▶ _Description of the task_:
Once the line containing "12) cosmetic package (97, 317, 459, 539)" is found in the records below, return it and each following line exactly, up to and including the line containing "Return a Markdown", and nothing else.

** Information supplied follows **

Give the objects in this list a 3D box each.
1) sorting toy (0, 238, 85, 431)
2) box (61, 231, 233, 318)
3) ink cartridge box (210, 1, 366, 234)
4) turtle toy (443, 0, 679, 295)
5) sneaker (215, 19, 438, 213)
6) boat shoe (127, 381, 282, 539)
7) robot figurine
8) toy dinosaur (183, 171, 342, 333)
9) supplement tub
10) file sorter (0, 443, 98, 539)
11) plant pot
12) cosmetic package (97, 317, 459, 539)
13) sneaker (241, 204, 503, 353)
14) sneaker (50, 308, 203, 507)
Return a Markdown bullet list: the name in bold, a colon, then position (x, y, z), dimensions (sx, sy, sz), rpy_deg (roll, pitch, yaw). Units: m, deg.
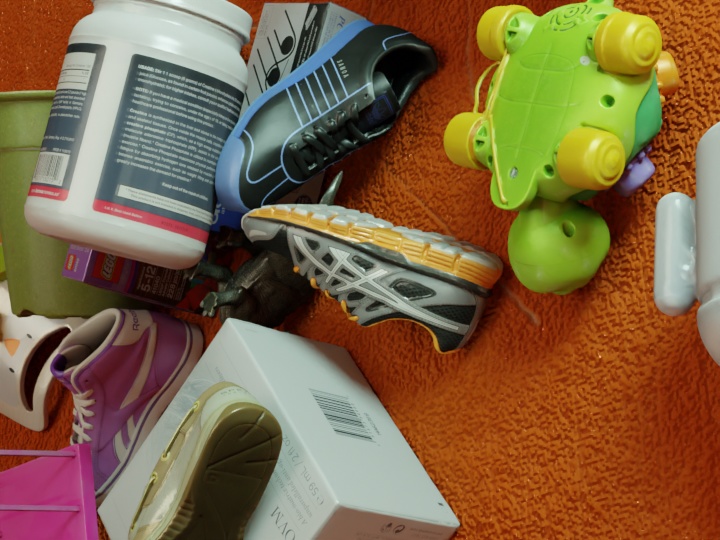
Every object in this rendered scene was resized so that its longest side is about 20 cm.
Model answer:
- **sorting toy**: position (-0.334, 0.057, 1.575), dimensions (0.180, 0.107, 0.200), rpy_deg (35, 104, 29)
- **box**: position (-0.157, -0.072, 1.373), dimensions (0.039, 0.137, 0.200), rpy_deg (12, 86, 50)
- **ink cartridge box**: position (-0.063, -0.120, 1.355), dimensions (0.094, 0.044, 0.200), rpy_deg (12, 86, 51)
- **turtle toy**: position (0.137, -0.084, 1.076), dimensions (0.146, 0.101, 0.200), rpy_deg (16, 89, 50)
- **sneaker**: position (-0.024, -0.115, 1.243), dimensions (0.078, 0.070, 0.200), rpy_deg (21, 63, 42)
- **boat shoe**: position (-0.116, 0.167, 1.113), dimensions (0.200, 0.074, 0.066), rpy_deg (-60, 29, 11)
- **robot figurine**: position (0.245, -0.016, 0.921), dimensions (0.170, 0.113, 0.200), rpy_deg (-7, 70, 32)
- **toy dinosaur**: position (-0.069, 0.003, 1.289), dimensions (0.200, 0.102, 0.077), rpy_deg (-58, 41, 6)
- **supplement tub**: position (-0.165, -0.111, 1.249), dimensions (0.140, 0.140, 0.200), rpy_deg (11, 85, 49)
- **file sorter**: position (-0.303, 0.253, 1.355), dimensions (0.139, 0.125, 0.200), rpy_deg (-23, 69, 44)
- **plant pot**: position (-0.242, -0.052, 1.446), dimensions (0.200, 0.200, 0.190), rpy_deg (0, 90, 48)
- **cosmetic package**: position (-0.068, 0.179, 1.194), dimensions (0.200, 0.123, 0.199), rpy_deg (-56, 43, 20)
- **sneaker**: position (0.000, 0.000, 1.181), dimensions (0.200, 0.078, 0.077), rpy_deg (18, 102, 24)
- **sneaker**: position (-0.231, 0.113, 1.407), dimensions (0.073, 0.114, 0.201), rpy_deg (46, 112, 44)

** End of Information supplied **

▶ _Result for this task_:
12) cosmetic package (97, 317, 459, 539)
13) sneaker (241, 204, 503, 353)
14) sneaker (50, 308, 203, 507)
Return a Markdown bullet list: the name in bold, a colon, then position (x, y, z), dimensions (sx, sy, sz), rpy_deg (roll, pitch, yaw). Units: m, deg.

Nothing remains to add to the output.